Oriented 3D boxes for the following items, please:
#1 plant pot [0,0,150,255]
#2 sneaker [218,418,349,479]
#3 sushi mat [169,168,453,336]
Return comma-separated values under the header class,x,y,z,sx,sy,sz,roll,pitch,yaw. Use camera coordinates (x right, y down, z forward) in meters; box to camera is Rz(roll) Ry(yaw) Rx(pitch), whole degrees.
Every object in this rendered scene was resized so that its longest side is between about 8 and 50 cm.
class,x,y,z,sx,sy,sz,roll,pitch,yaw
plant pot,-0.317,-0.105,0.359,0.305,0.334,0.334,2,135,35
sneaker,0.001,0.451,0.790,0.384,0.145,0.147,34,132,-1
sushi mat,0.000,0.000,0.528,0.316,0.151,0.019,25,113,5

§ **WHAT IS BEING ASKED**
Take the entries above and return all of them exactly.

§ **OUTPUT FOR THIS TASK**
Oriented 3D boxes for the following items, please:
#1 plant pot [0,0,150,255]
#2 sneaker [218,418,349,479]
#3 sushi mat [169,168,453,336]
Return comma-separated values under the header class,x,y,z,sx,sy,sz,roll,pitch,yaw. Use camera coordinates (x right, y down, z forward) in meters; box to camera is Rz(roll) Ry(yaw) Rx(pitch), whole degrees.
Every object in this rendered scene was resized so that its longest side is between about 8 and 50 cm.
class,x,y,z,sx,sy,sz,roll,pitch,yaw
plant pot,-0.317,-0.105,0.359,0.305,0.334,0.334,2,135,35
sneaker,0.001,0.451,0.790,0.384,0.145,0.147,34,132,-1
sushi mat,0.000,0.000,0.528,0.316,0.151,0.019,25,113,5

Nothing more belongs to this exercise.